Lord of the Flies By William Golding Character Analysis Jack

Jack represents evil and violence, the dark side of human nature. A former choirmaster and "head boy" at his school, he arrived on the island having experienced some success in exerting control over others by dominating the choir with his militaristic attitude. He is eager to make rules and punish those who break them, although he consistently breaks them himself when he needs to further his own interests. His main interest is hunting, an endeavor that begins with the desire for meat and builds to the overwhelming urge to master and kill other living creatures. Hunting develops the savagery that already ran close to his surface, making him "ape-like" as he prowls through the jungle. His domain is the emotions, which rule and fuel his animal nature.

The conflict on the island begins with Jack attempting to dominate the group rather than working with Ralph to benefit it. He frequently impugns the power of the conch, declaring that the conch rule does not matter on certain parts of the island. Yet he uses the conch to his advantage when possible, such as when he calls his own assembly to impeach Ralph. For him, the conch represents the rules and boundaries that have kept him from acting on the impulses to dominate others. Their entire lives in the other world, the boys had been moderated by rules set by society against physical aggression. On the island, however, that social conditioning fades rapidly from Jack's character. He quickly loses interest in that world of politeness and boundaries, which is why he feels no compunction to keep the fire going or attend to any of the other responsibilities for the betterment or survival of the group.

The dictator in Jack becomes dominant in his personality during the panic over the beast sighting on the mountain. In trying to get Ralph impeached, he uses his rhetorical skills to twist Ralph's words. In defense, he offers to the group a rationale that "He'd never have got us meat," asserting that hunting skills make for an effective leader.

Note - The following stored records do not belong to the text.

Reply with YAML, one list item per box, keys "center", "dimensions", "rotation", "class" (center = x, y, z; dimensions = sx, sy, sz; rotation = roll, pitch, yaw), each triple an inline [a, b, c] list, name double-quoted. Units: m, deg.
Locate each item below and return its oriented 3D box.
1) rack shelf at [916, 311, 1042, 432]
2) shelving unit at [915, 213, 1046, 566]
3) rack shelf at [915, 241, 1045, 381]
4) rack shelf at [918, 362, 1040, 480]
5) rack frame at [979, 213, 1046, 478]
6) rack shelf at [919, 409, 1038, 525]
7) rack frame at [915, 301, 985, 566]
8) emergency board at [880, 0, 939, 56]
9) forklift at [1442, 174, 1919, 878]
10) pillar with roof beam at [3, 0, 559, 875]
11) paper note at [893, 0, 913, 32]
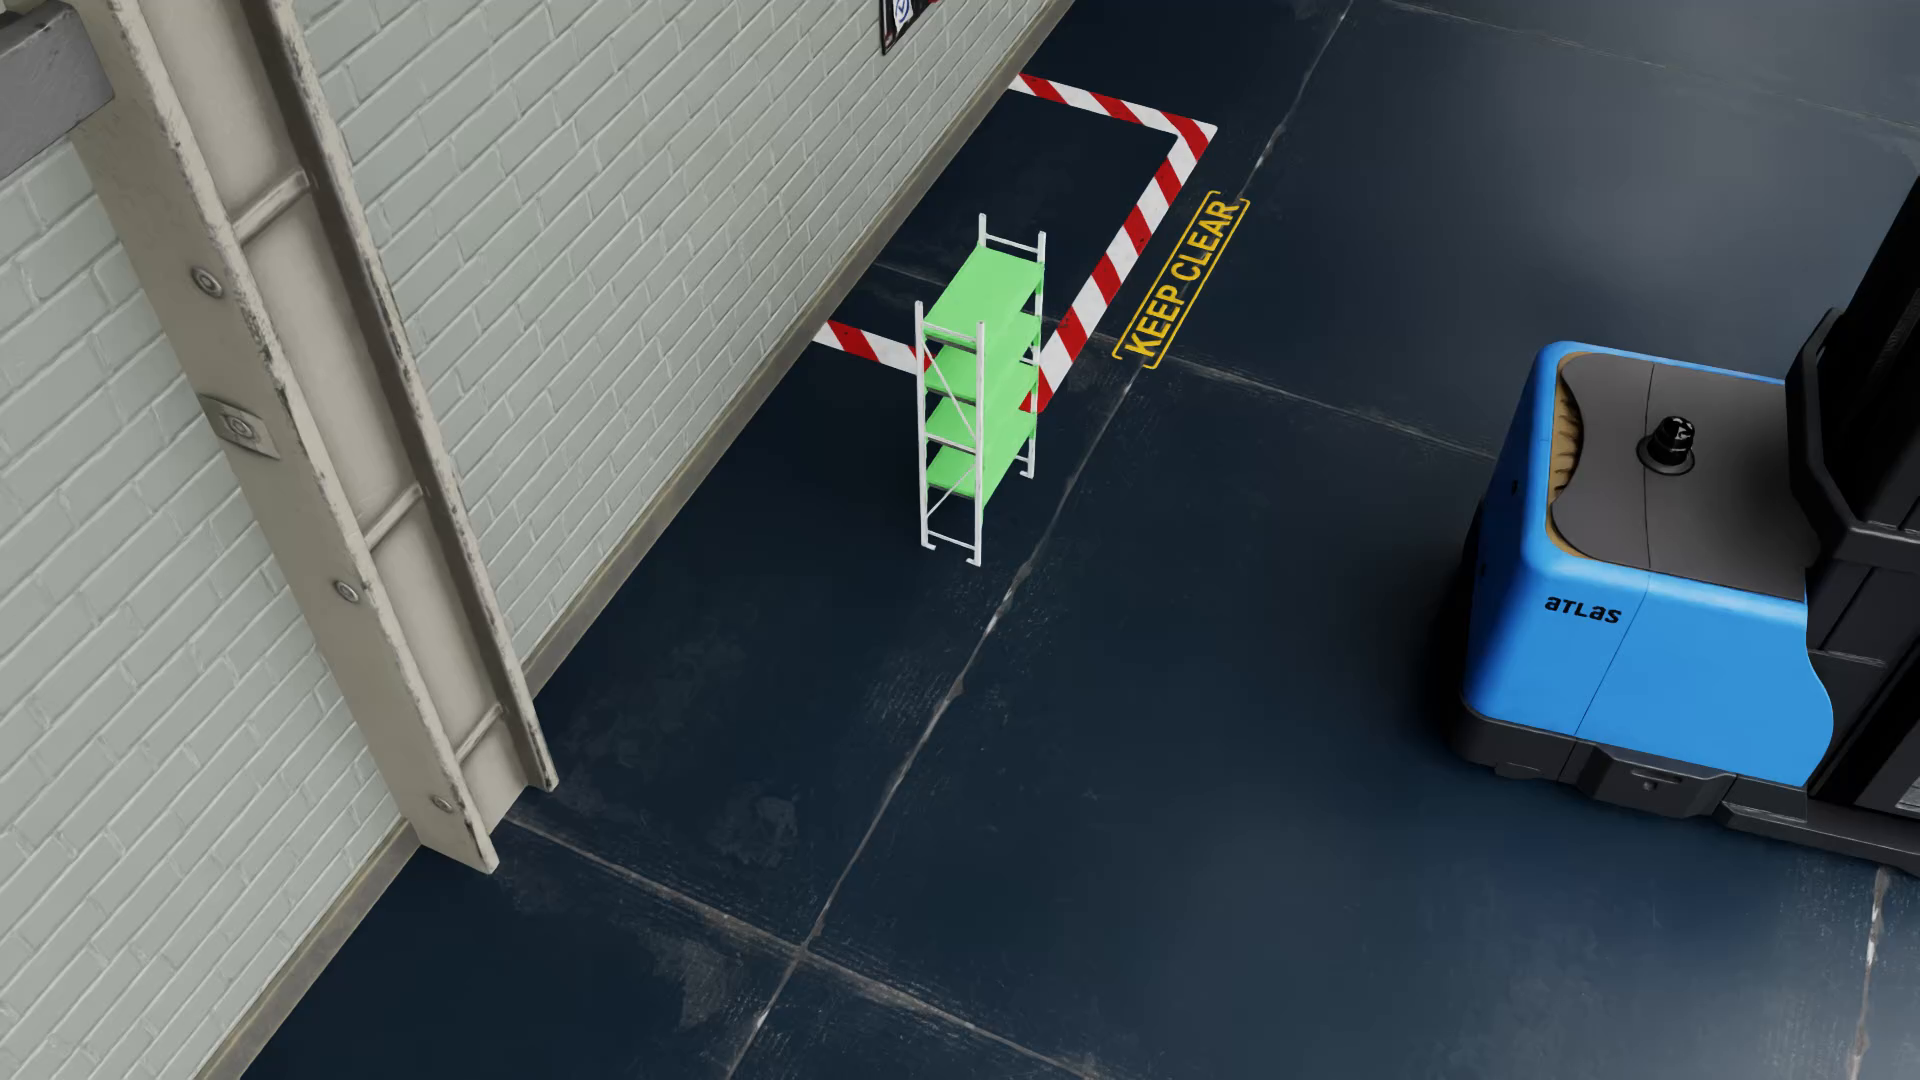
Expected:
- center: [0.071, -0.617, 5.756]
  dimensions: [0.258, 0.148, 0.480]
  rotation: [20, 52, 16]
  class: "rack shelf"
- center: [0.071, -0.503, 5.890]
  dimensions: [0.258, 1.200, 0.503]
  rotation: [20, 52, 16]
  class: "shelving unit"
- center: [0.071, -0.772, 5.573]
  dimensions: [0.258, 0.148, 0.480]
  rotation: [20, 52, 16]
  class: "rack shelf"
- center: [0.071, -0.461, 5.939]
  dimensions: [0.258, 0.148, 0.480]
  rotation: [20, 52, 16]
  class: "rack shelf"
- center: [0.175, -0.671, 6.033]
  dimensions: [0.240, 1.200, 0.015]
  rotation: [20, 52, 16]
  class: "rack frame"
- center: [0.071, -0.306, 6.121]
  dimensions: [0.258, 0.148, 0.480]
  rotation: [20, 52, 16]
  class: "rack shelf"
- center: [-0.034, -0.335, 5.747]
  dimensions: [0.240, 1.200, 0.015]
  rotation: [20, 52, 16]
  class: "rack frame"
- center: [-0.088, -2.525, 6.429]
  dimensions: [0.194, 1.169, 0.643]
  rotation: [20, 52, 16]
  class: "emergency board"
- center: [3.200, -0.256, 4.543]
  dimensions: [3.031, 2.935, 1.130]
  rotation: [12, 51, 10]
  class: "forklift"
- center: [2.331, -0.626, 0.874]
  dimensions: [9.100, 9.000, 0.400]
  rotation: [20, 52, 16]
  class: "pillar with roof beam"
- center: [-0.227, -2.140, 6.680]
  dimensions: [0.016, 0.148, 0.142]
  rotation: [20, 52, 16]
  class: "paper note"

Jack assigns a high value only to those who he finds useful or agreeable to his views and looks to silence those who do not please him. Denouncing the rules of order, Jack declares, "We don't need the conch any more. We know who ought to say things." He dictates to his hunters that they forget the beast and that they stop having nightmares.

As Jack strives to establish his leadership, he takes on the title of "chief" and reinforces the illusion of station and power by using the other boys ceremoniously as standard bearers who raise their spears together and announce "The Chief has spoken." This role is no game for him, though; by the night of Simon's death, Jack has clearly gone power-mad, sitting at the pig roast on a large log "painted and garlanded . . . like an idol" while "[p]ower . . . chattered in his ear like an ape." His tribe addresses him as "Chief," indicating a form of more primitive tribal leadership.

True to Piggy's assertion that "It's them that haven't no common sense that make trouble on this island," Jack takes an entirely different direction from logic or common sense. Perhaps acting out of some guilt he is unable to acknowledge, Jack becomes paranoid and begins feeding misinformation to his tribe, a typical practice of dictatorships to control the collective thinking by controlling the information that is disseminated.

Given the thrill of "irresponsible authority" he's experienced on the island, Jack's return to civilization is conflicted. When the naval officer asks who is in charge, Jack starts to step forward to challenge Ralph's claim of leadership but is stopped perhaps by the recognition that now the old rules will be enforced.